# Despicable me 2



## Kerr (Mar 27, 2012)

For those who don't have kids, borrow some and go see it. 

Thought it was a very good film.


----------



## Ryanjdover (Apr 1, 2013)

Love these sorts of films now I have a couple of kids.

Wreck it Ralph is fantastic too


----------



## Dannbodge (Sep 26, 2010)

The first one was amazing so can't wait to see this one.
And no I don't have kids, I won't borrow any either.


----------



## Denzle (May 4, 2011)

Taking my Grandson to see Desp Me 2 tomorrow.


----------



## John-R- (Feb 4, 2007)

Aargh didn't realise its out already!!
First one was ace, really looking forward to the new one :thumb:
Cloudy with Meatballs2 is out this year and Monsters Uni too 
It's great having an 8 1/2 year old 

John


----------



## Derekh929 (Aug 28, 2011)

Is Cuey still lead actor? He was great in the last can't loved the first one, top film


----------



## CraigQQ (Jan 20, 2011)

Derekh929 said:


> Is Cuey still lead actor? He was great in the last can't loved the first one, top film


Yes, our old Cueball is still lead actor!
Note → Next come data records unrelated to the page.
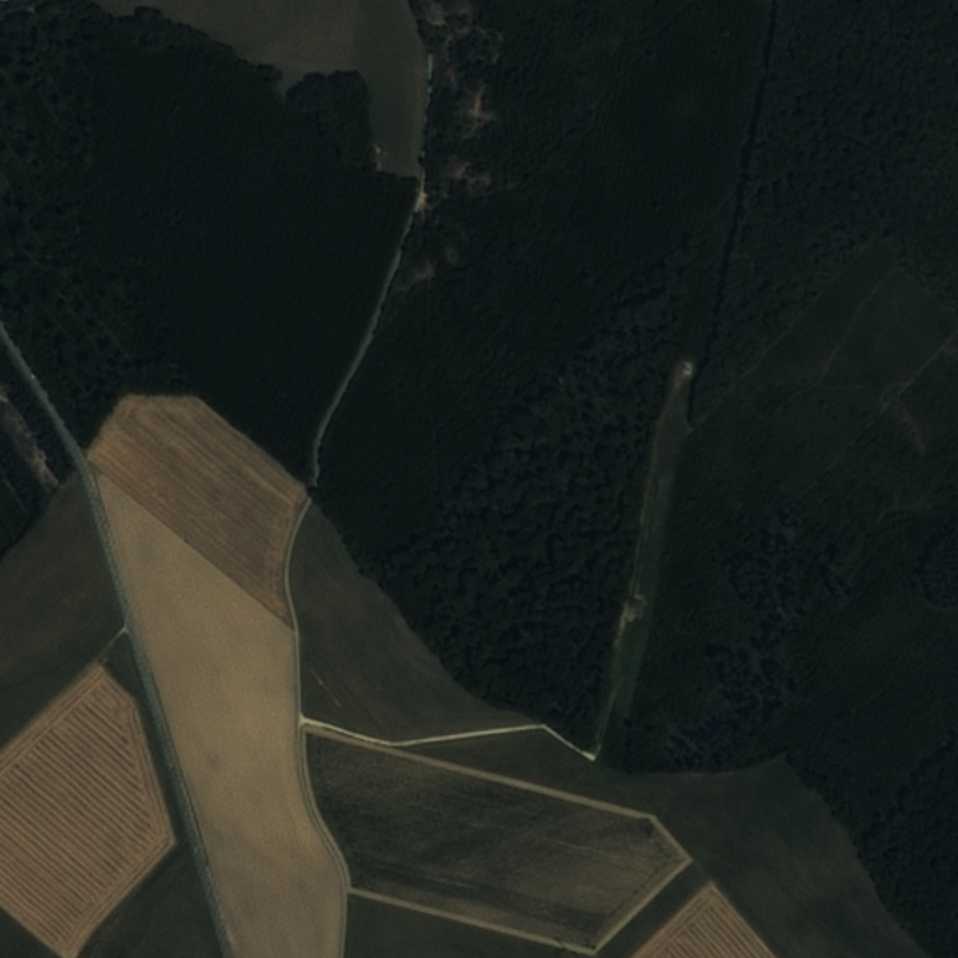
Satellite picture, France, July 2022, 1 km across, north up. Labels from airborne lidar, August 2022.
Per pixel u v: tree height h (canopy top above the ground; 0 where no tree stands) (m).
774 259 20
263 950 0
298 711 0
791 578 25
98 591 0
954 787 22
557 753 0
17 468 24
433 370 8
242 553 0
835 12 20
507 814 0
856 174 19
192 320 9
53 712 0
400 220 7
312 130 9
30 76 21
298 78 0
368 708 0
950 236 15
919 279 12
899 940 0
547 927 0
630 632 0
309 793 0
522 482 20
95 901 0
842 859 0
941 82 15
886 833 20
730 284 17
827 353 0
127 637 0
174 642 0
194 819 0
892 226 17
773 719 33
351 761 0
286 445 8
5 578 0
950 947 16
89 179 7
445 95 13
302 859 0
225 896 0
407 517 10
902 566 6
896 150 19
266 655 0
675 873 0
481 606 22
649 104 8
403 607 13
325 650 0
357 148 23
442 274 10
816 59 19
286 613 0
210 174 8
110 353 23
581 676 23
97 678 0
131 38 19
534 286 7
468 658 7
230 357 7
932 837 22
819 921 0
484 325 8
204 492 0
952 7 14
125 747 0
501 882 0
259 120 7
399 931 0
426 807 0
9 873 0
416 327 6
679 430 0
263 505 0
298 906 0
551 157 7
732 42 6
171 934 0
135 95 6
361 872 0
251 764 0
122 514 0
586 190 9
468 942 0
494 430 8
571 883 0
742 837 0
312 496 11
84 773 0
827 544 8
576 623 28
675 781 0
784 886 0
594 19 6
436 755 0
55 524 0
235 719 0
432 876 0
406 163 0
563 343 7
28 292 7
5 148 22
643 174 6
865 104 19
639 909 0
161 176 6
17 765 0
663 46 7
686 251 19
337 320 7
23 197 7
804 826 0
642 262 8
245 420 9
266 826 0
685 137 6
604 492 25
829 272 15
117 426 0
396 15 0
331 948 0
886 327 0
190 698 0
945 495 6
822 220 19
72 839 0
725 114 6
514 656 26
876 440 6
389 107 0
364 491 7
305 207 9
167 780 0
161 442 0
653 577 0
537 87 7
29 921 0
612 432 19
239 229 10
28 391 24
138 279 7
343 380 6
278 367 7
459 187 15
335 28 0
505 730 0
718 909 0
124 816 0
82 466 0
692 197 7
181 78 7
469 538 22
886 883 18
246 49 0
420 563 29
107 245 6
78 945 0
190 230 8
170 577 0
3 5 10
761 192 15
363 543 7
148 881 0
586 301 10
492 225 6
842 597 30
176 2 0
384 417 7
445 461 8
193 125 7
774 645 31
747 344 17
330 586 0
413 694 0
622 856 0
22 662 0
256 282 7
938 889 19
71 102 7
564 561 18
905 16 20
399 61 0
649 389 20
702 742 32
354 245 9
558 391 19
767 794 0
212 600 0
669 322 20
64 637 0
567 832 0
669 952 0

Loved the first one too! can't wait to see DM2!


----------



## danwel (Feb 18, 2007)

Will be getting this on DVD or blu ray as my boy loves it


----------



## Hardsworth (Apr 12, 2012)

I can't wait to see it, think I am more excited than my 4yr old son 

Just sat and watched Up with him and again I think I enjoyed it more


----------



## lofty (Jun 19, 2007)

Just took my Son and his mate to see it, love those Minions they are so funny.3D is good especially at the finale, stay and watch the credits.


----------



## Kerr (Mar 27, 2012)

lofty said:


> Just took my Son and his mate to see it, love those Minions they are so funny.3D is good especially at the finale, stay and watch the credits.


The 3D is far more effective at the end sequence.
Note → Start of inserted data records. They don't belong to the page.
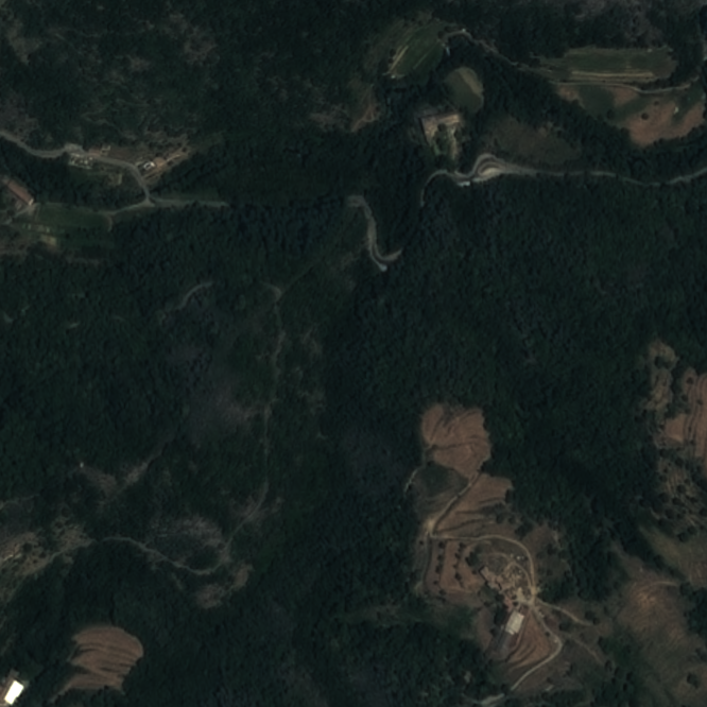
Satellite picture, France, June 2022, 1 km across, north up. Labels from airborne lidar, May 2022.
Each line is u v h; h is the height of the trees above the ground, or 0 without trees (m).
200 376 6
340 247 11
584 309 16
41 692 12
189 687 16
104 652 0
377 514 15
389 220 13
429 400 11
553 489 20
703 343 14
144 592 21
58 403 12
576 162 9
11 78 8
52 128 12
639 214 18
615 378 20
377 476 8
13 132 8
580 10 12
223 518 12
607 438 14
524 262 9
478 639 0
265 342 6
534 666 0
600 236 16
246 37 10
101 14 6
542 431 30
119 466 7
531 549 0
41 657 18
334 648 17
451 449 0
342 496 16
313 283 12
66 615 15
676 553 0
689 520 0
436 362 16
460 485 0
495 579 0
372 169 11
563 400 27
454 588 0
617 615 0
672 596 0
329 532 15
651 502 10
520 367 14
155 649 15
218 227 17
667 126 0
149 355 21
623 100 0
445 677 10
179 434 7
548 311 12
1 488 10
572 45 19
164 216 12
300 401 11
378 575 12
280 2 10
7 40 11
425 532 0
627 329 11
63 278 12
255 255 20
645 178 20
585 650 0
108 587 28
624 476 8
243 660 17
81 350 13
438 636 11
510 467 12
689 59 10
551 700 6
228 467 11
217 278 12
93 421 19
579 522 14
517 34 16
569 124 17
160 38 10
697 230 15
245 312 11
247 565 9
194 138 6
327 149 18
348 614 10
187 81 8
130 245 9
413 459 13
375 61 6
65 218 0
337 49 18
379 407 14
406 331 9
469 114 12
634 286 9
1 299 16
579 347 15
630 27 13
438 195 16
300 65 15
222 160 17
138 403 15
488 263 10
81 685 0
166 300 10
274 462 12
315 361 7
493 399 11
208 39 7
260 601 21
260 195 9
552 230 12
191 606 17
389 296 12
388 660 11
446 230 14
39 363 12
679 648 0
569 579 11
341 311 14
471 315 19
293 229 40
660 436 0
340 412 12
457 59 18
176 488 13
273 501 13
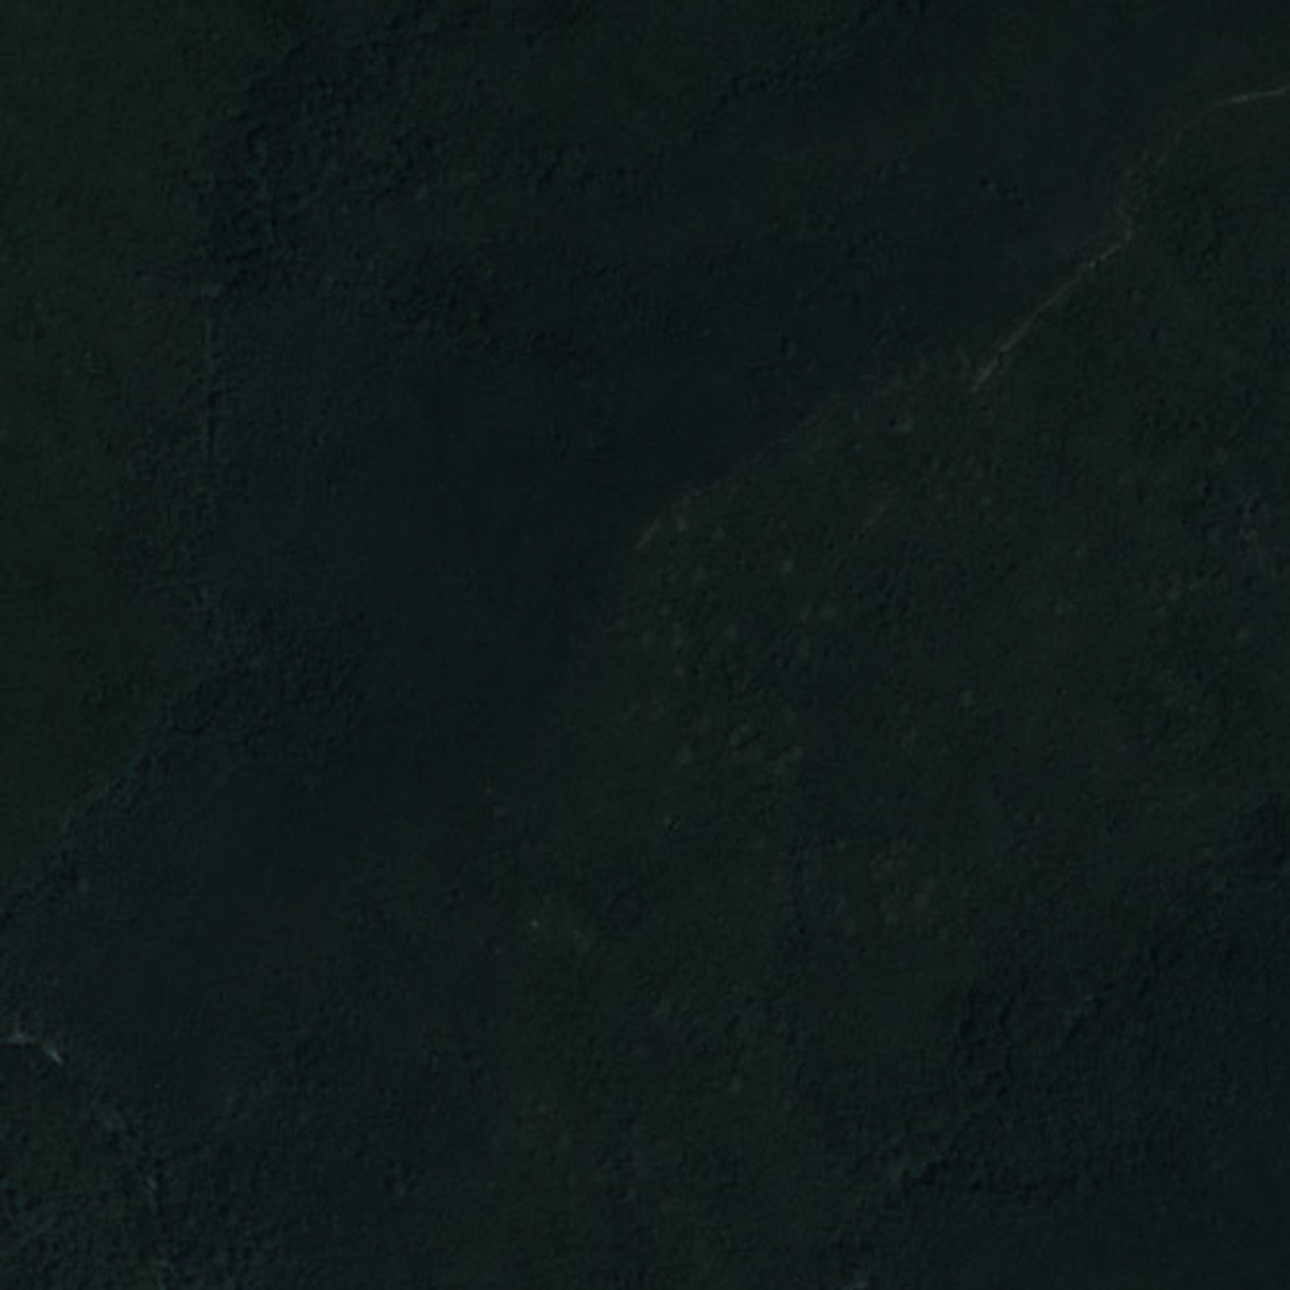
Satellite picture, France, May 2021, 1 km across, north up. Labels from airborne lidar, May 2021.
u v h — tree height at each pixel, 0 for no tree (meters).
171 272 14
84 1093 24
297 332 6
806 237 7
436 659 5
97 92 7
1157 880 9
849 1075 11
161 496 9
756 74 11
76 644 6
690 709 9
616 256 6
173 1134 7
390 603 7
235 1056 6
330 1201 8
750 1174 9
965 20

I've always felt that the 3D in normal cinemas is usually very lacking, but that did stand out a lot more.

I wish we had more imax screens.


----------



## griffin1907 (Mar 4, 2006)

My kids LOVE the first one. Little girl (2.5 years). Calls it spickle meena.

For a change McDonalds Happy Meals toys actually worth keeping too


----------



## CraigQQ (Jan 20, 2011)

griffin1907 said:


> My kids LOVE the first one. Little girl (2.5 years). Calls it spickle meena.
> 
> *For a change McDonalds Happy Meals toys actually worth keeping too *


I met a friend at mcdonalds for a coffee recently.. was sadly tempted to buy a happy meal just to get the toy haha.. I'm so immature!


----------



## Derekh929 (Aug 28, 2011)

CraigQQ said:


> I met a friend at mcdonalds for a coffee recently.. was sadly tempted to buy a happy meal just to get the toy haha.. I'm so immature!
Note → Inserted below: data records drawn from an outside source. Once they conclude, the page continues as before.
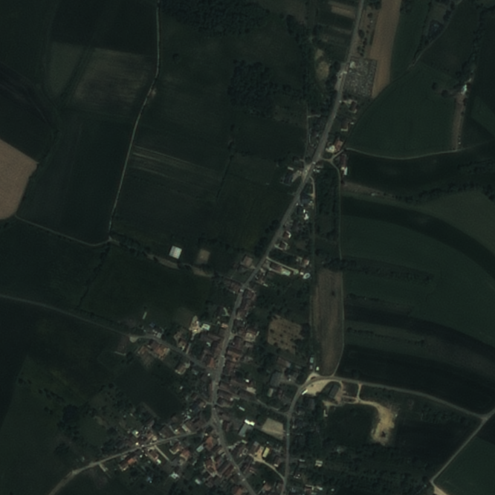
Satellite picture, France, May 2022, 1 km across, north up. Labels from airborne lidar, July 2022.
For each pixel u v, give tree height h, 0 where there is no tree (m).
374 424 0
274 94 12
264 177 0
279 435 0
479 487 0
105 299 0
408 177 0
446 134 0
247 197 0
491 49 0
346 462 7
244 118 0
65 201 0
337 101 0
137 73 0
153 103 0
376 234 0
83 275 0
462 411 0
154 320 0
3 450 0
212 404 0
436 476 0
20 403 0
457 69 0
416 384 0
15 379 0
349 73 0
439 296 0
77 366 0
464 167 12
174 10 32
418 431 0
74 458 0
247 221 0
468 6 0
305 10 0
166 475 7
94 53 0
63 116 0
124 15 0
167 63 0
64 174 0
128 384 0
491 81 0
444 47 0
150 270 0
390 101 0
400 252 0
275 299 0
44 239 0
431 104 0
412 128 0
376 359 0
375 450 14
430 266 0
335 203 8
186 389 6
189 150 0
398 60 0
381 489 6
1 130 0
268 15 12
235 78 14
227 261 0
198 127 0
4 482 0
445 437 0
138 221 0
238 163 0
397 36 0
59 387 0
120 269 0
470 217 0
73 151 0
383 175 0
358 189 0
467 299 0
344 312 0
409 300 0
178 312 0
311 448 20
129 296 0
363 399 7
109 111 0
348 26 0
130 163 0
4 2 0
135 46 0
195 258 0
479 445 0
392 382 0
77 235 0
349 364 0
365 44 7
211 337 0
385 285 0
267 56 0
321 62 0
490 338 0
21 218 0
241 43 0
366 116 0
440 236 0
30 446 0
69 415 28
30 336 0
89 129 0
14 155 0
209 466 0
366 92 0
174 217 0
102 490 0
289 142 0
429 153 0
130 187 0
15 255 0
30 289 0
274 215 0
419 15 0
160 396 0
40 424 0
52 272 0
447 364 0
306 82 8
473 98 0
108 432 6
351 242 0
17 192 0
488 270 0
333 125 0
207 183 0
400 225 0
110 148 0
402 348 0
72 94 0
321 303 0
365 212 0
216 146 0
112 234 19
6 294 0
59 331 0
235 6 18
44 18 0
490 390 0
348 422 0
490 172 11
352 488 11
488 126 0
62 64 0
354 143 0
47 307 0
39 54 0
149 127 0
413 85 0
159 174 0
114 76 0
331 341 0
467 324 0
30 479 0
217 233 0
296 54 0
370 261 0
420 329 0
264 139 0
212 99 0
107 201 0
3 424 0
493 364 0
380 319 0
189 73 0
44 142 0
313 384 0
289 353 8
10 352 0
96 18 0
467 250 0
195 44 0
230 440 0
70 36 0
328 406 0
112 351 0
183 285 0
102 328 0
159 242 0
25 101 0
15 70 0
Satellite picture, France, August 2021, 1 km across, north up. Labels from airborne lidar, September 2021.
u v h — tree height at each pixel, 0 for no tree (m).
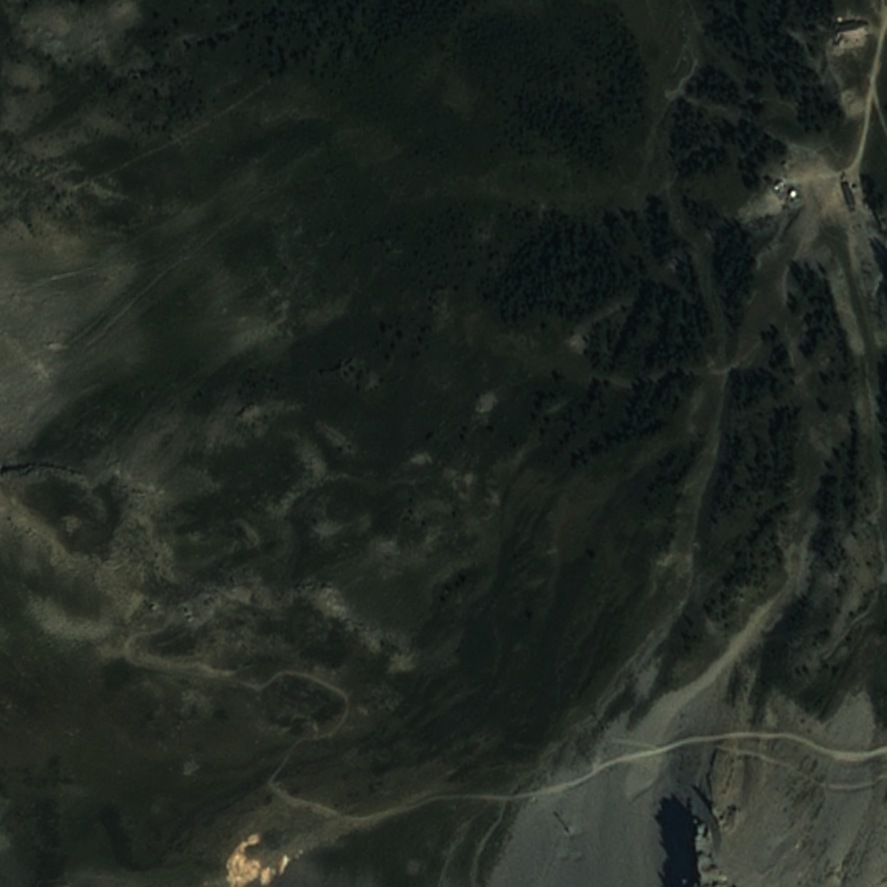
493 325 0
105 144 0
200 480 0
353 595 0
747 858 0
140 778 0
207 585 0
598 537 0
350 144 0
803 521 0
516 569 0
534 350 0
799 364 0
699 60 0
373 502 0
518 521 0
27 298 0
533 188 0
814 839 0
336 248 0
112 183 0
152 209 0
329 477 0
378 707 0
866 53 0
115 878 0
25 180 0
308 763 0
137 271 0
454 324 0
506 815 0
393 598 0
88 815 0
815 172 0
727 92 13
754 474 16
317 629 0
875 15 0
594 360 8
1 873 0
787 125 0
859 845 0
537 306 15
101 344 0
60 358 0
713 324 18
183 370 0
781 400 12
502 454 0
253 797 0
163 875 0
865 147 0
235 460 0
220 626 0
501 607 0
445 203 0
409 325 0
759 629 0
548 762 0
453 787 0
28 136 0
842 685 0
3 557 0
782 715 0
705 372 0
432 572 0
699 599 0
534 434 0
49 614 0
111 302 0
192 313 0
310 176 0
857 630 0
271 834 0
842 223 0
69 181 0
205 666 0
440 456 0
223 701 0
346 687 0
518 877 0
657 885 0
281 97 0
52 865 0
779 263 0
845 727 0
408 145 0
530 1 0
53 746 0
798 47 18
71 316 0
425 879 0
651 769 0
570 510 0
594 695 0
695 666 0
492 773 0
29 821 0
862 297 0
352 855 0
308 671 0
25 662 0
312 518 0
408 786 0
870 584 0
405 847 0
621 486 0
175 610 0
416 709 0
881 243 0
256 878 0
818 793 0
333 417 0
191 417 0
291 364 0
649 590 0
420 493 0
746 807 0
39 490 0
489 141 0
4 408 0
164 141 0
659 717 0
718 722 0
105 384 0
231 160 0
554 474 0
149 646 0
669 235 14
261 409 0
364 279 0
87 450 0
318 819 0
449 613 0
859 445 8
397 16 7
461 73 0
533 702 0
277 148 0
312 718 0
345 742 0
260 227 0
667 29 0
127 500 0
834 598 0
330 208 0
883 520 0
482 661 0
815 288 14
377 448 0
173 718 0
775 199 0
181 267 0
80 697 0
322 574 0
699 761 0
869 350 0
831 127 0
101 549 0
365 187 0
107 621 0
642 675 0
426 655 0
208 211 0
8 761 0
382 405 0
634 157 0
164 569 0
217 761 0
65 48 0
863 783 0
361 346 0
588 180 0
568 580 0
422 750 0
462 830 0
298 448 0
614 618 0
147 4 0
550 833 0
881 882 0
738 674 0
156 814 0
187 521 0
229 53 0
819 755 0
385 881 0
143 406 0
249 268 0
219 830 0
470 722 0
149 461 0
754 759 0
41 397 0
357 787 0
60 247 0
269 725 0
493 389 0
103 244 0
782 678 0
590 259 18
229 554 0
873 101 0
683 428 0
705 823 0
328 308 0
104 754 0
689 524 0
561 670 0
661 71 0
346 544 0
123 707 0
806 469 0
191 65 0

:lol: so that why you want this meet at another mcdonalds as your collecting the set, thought it was only me that did things like that, like getting excited seeing a new M3 hotwheels in tesco, son said dad stop it , and he hides:lol:


----------



## ncd (Dec 12, 2005)

You don't have to buy the happy meal to get the toys/gifts, McDonald's allow you to buy just the toy if need be. Well unless you want the happy meal of course


----------



## 182_Blue (Oct 25, 2005)

ncd said:


> You don't have to buy the happy meal to get the toys/gifts, McDonald's allow you to buy just the toy if need be. Well unless you want the happy meal of course


Really , how much ?

Ps took my little one to see it yesterday and it was good, we didnt like it as much as the 1st one though.


----------



## CraigQQ (Jan 20, 2011)

Didn't know that! 

No... I don't want the happy meal haha! but I'd like the toys for my niece.


----------



## craigeh123 (Dec 26, 2011)

The maccie d toys are great . The film i thought was great easily as good if not better than the first ! Definitely a must see film


----------



## RichyMa (Feb 8, 2013)

Loved the first one... Can't wait to see this!


----------



## InvaderZim (Aug 24, 2010)

I liked it. Although the 3D effects are nice it is also nice when they don't put in long sequences of stuff that is only for the benefit of 3D. It can really make movies drag and I didn't notice any of that in this one. I'm surprised at some of the big name people that put out 3D movies where they have to keep giving you things like the dog's eye view of it running around the room or other things that add nothing to the movie.

That being said, I don't think anything will top the 3D part in the first one where he's on the platform and the moon is shining light around him. It looked like the light was coming off the screen around him in 3D.


----------



## Davie (Jul 21, 2013)

I (and the kids) loved it, I actually think its better than the first!


----------



## SBM (Jul 4, 2013)

Dannbodge said:


> The first one was amazing so can't wait to see this one.
> And no I don't have kids, I won't borrow any either.


Hahaha! Like it! ... and snap!:thumb:


----------